Stored records
· · · · ·

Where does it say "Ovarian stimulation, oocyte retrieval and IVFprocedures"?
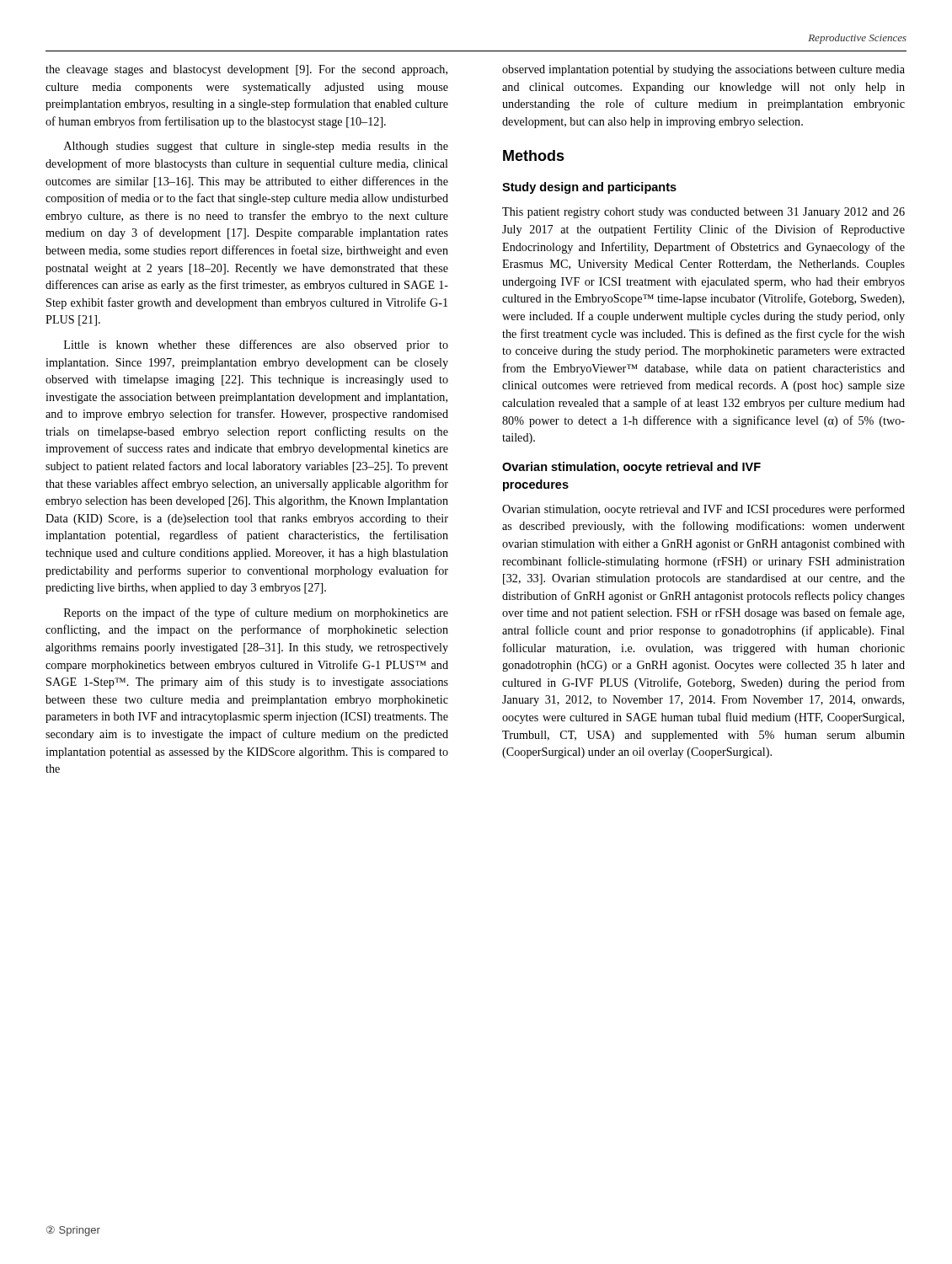(x=631, y=476)
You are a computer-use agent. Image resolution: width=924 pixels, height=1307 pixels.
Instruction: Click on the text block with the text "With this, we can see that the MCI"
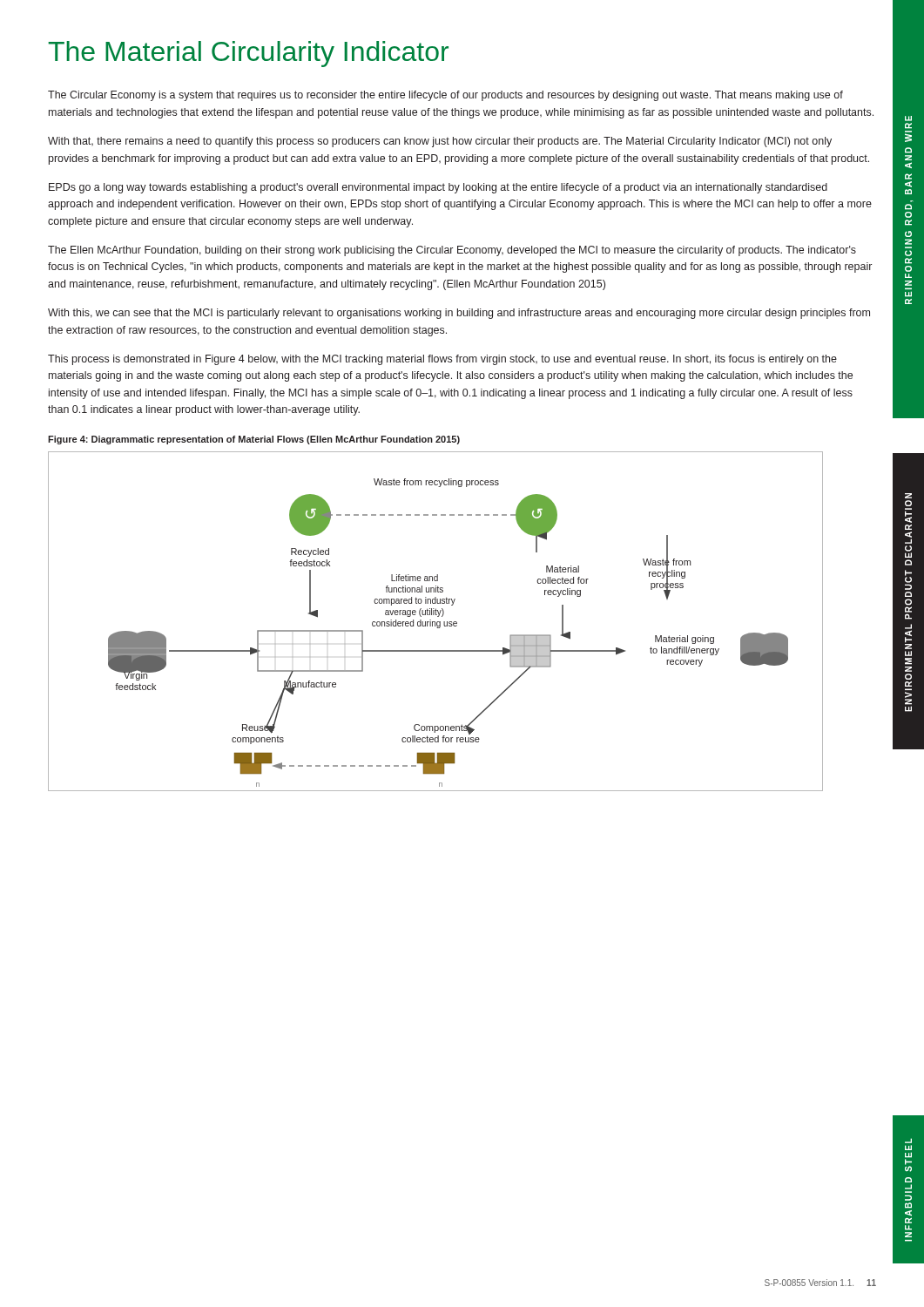tap(459, 321)
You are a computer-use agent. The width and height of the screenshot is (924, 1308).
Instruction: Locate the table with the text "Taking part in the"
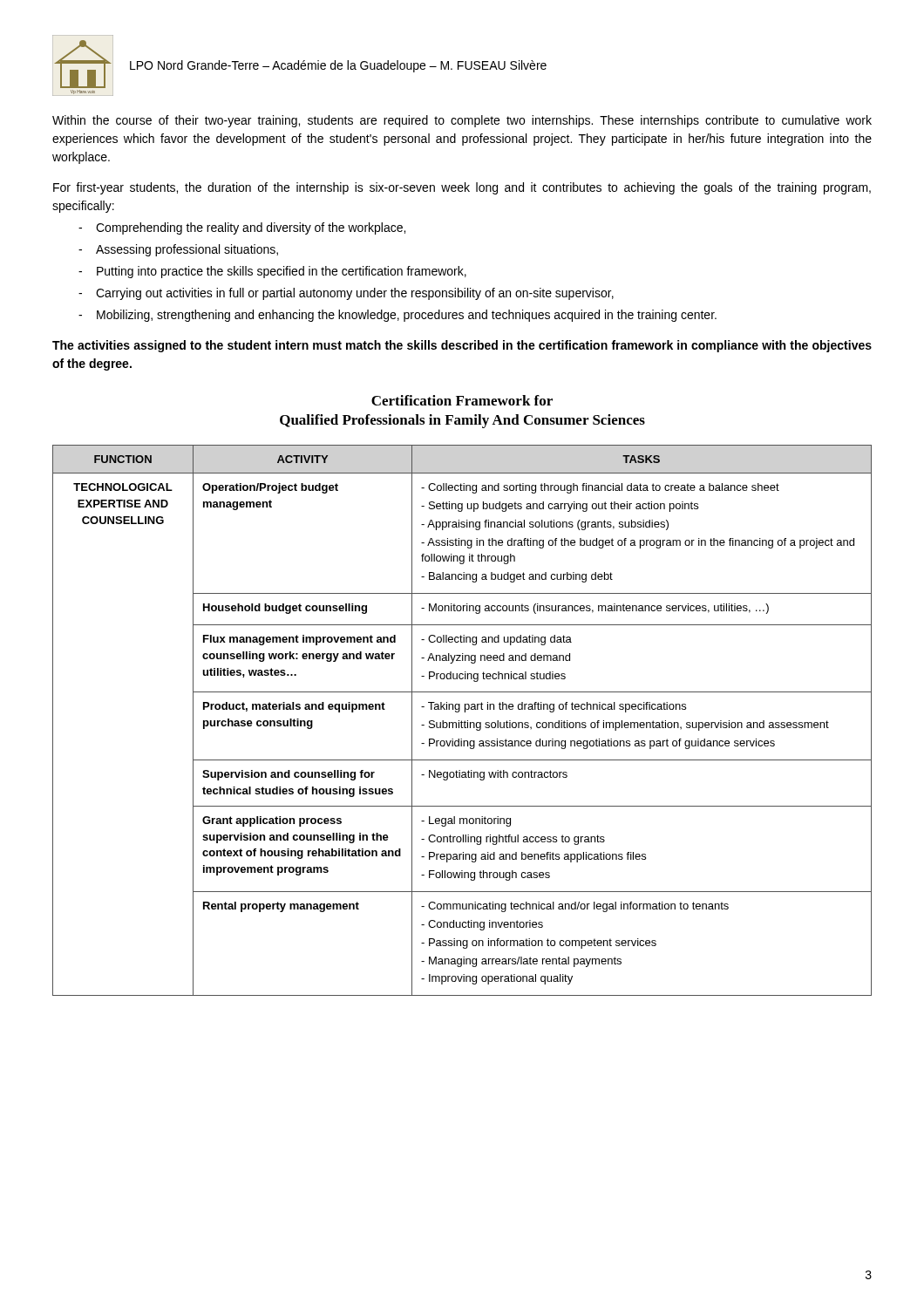(462, 720)
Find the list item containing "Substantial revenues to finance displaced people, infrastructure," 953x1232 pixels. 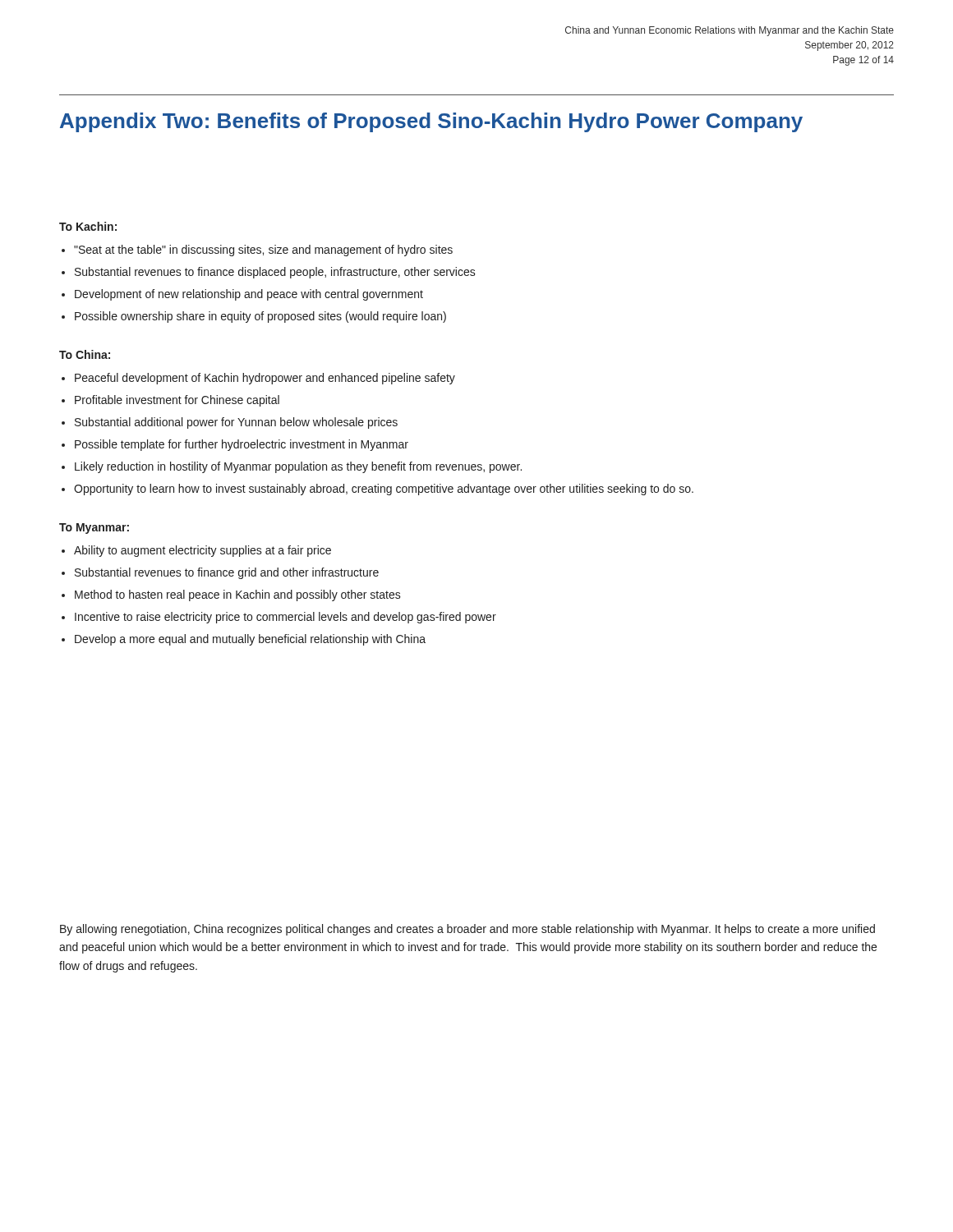(x=275, y=272)
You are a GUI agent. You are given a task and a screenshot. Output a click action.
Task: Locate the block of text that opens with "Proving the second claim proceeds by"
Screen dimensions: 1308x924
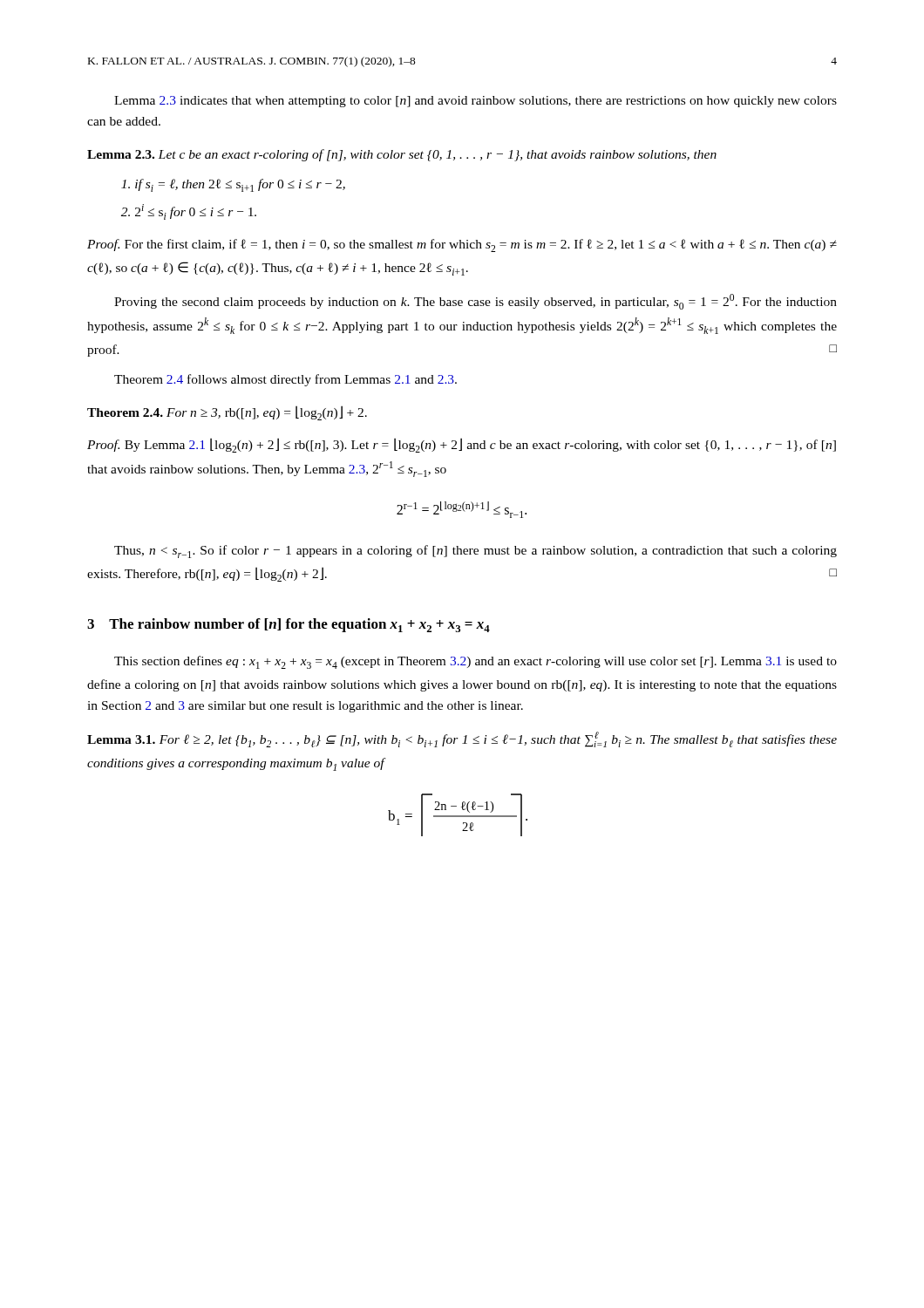462,325
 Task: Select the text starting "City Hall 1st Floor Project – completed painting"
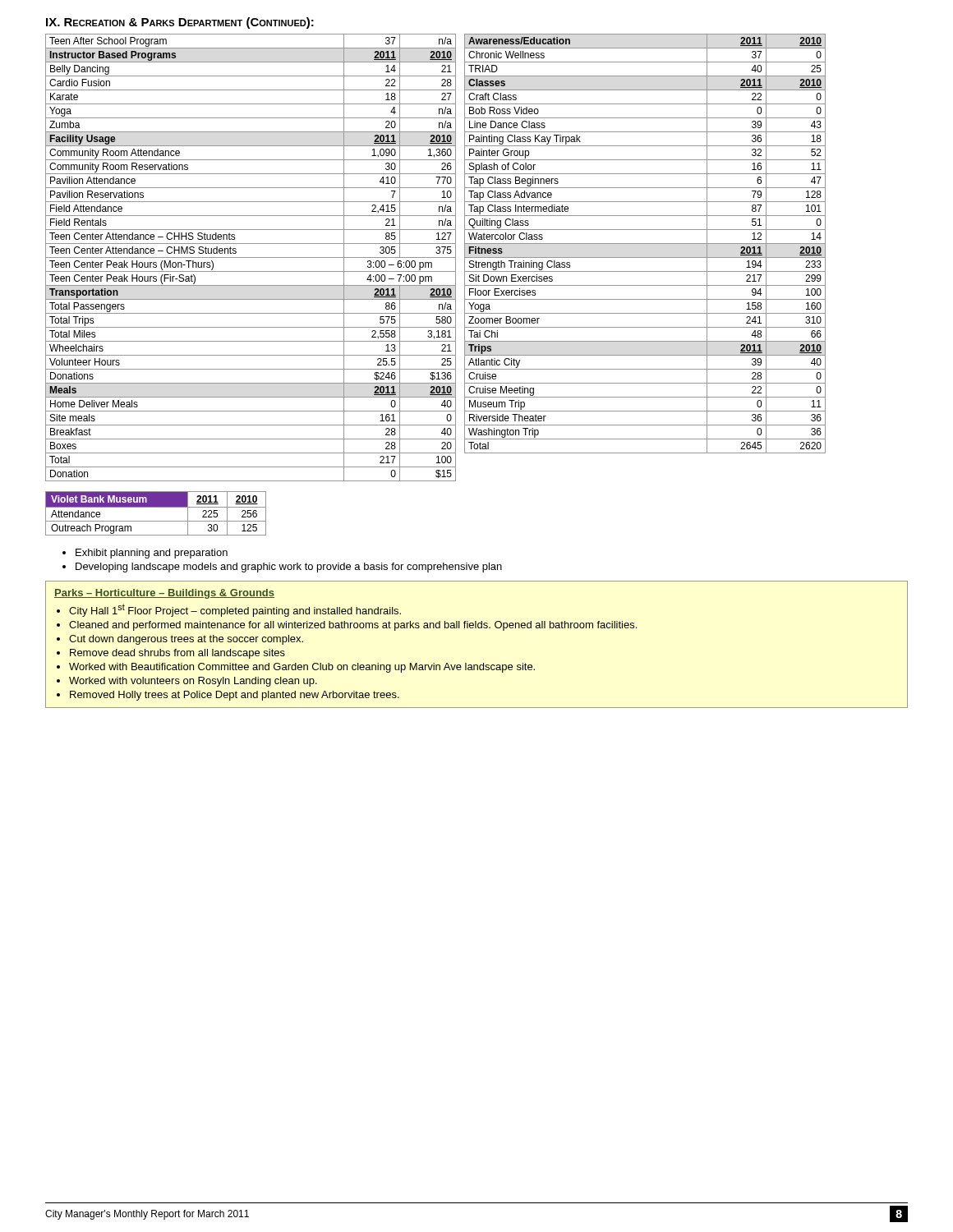[235, 610]
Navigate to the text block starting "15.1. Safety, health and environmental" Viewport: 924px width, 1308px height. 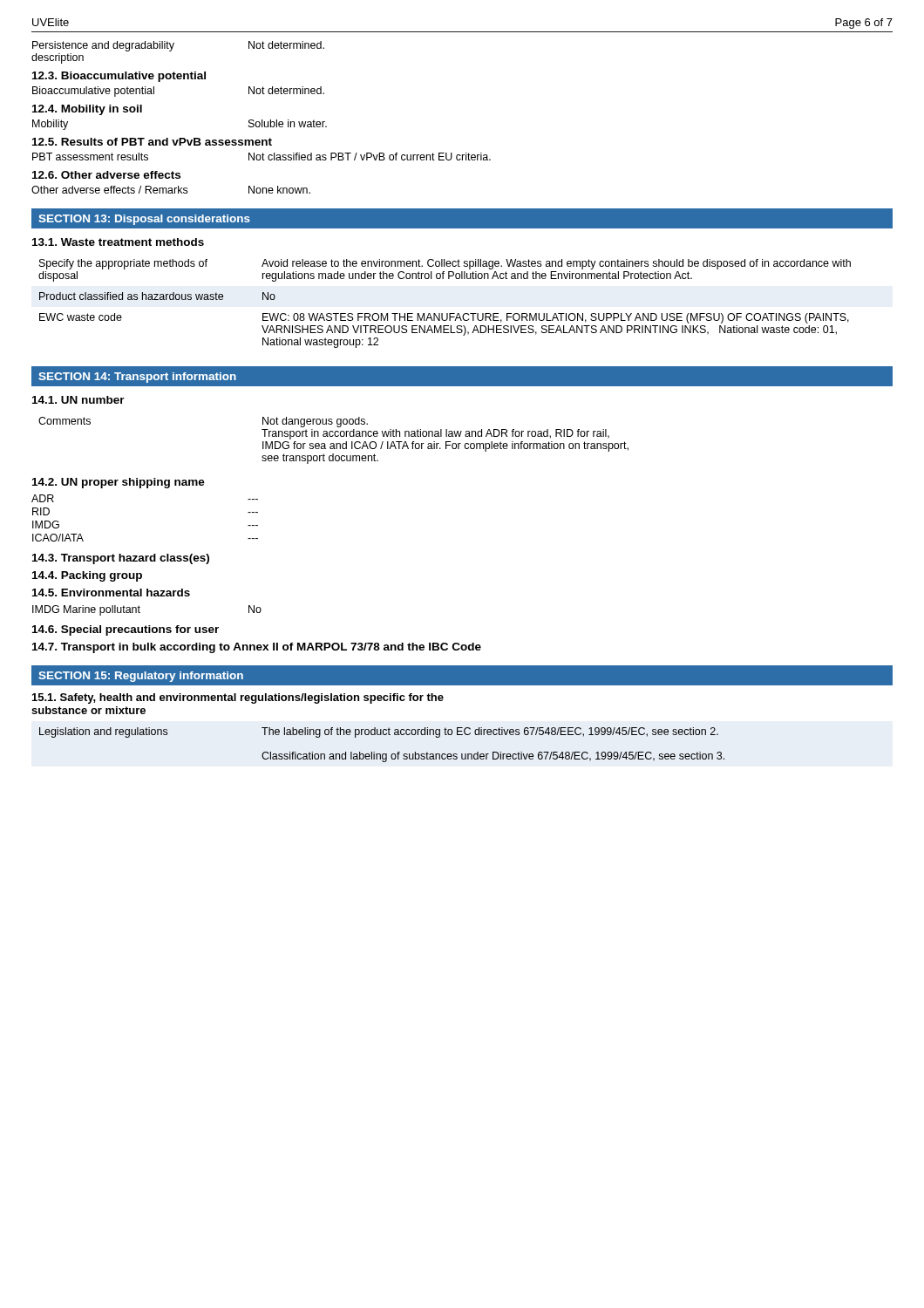coord(238,704)
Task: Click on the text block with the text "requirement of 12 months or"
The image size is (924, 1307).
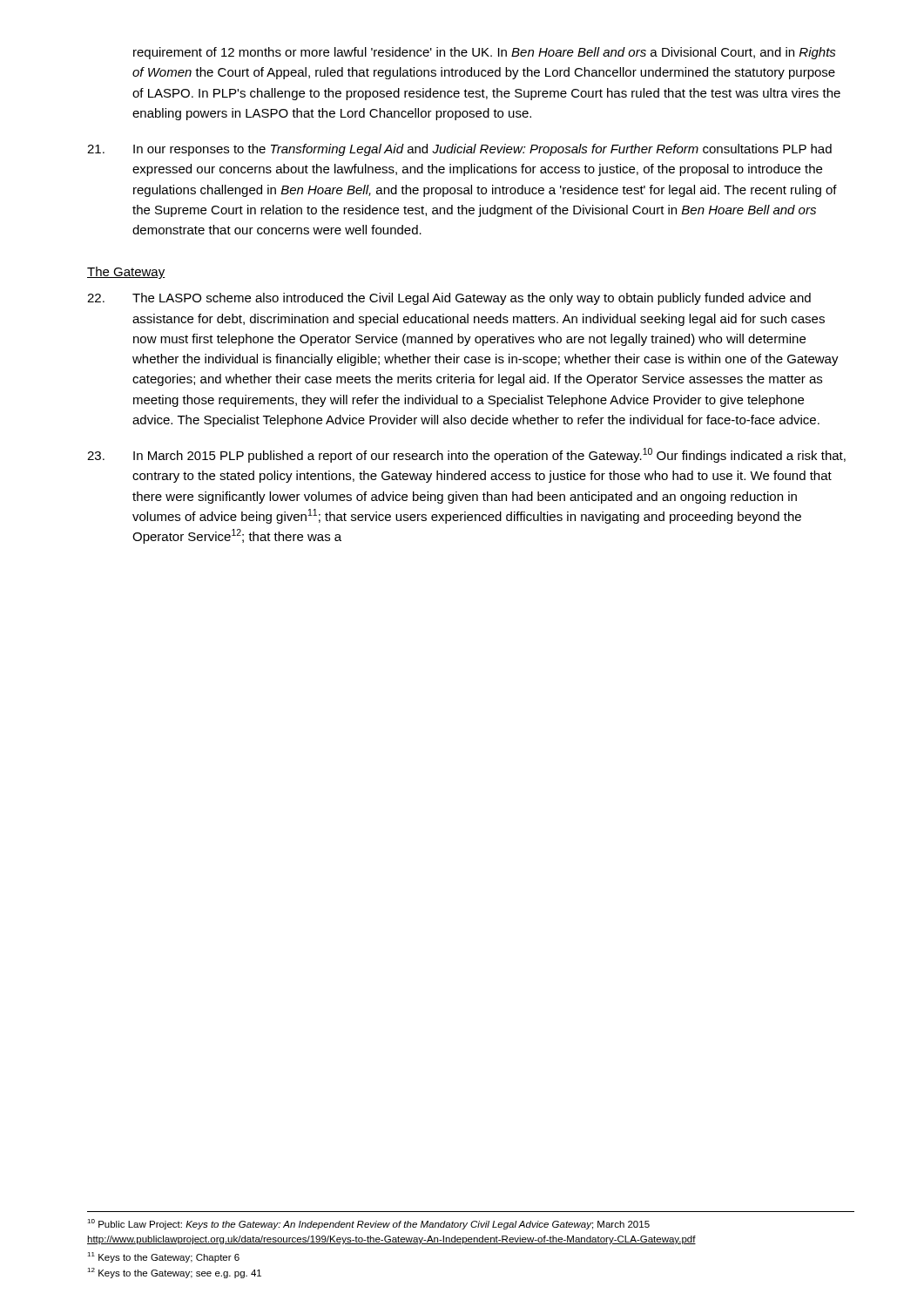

· · · · ·

• WORK TO BE COMPLETED:
Where the word "screenshot" appears in a line of the entries, copy that line.

• SOLVED PROBLEM:
You are a computer-use agent. The width and height of the screenshot is (924, 1308).
You are a GUI agent. You are given a task and a screenshot. Output a click action.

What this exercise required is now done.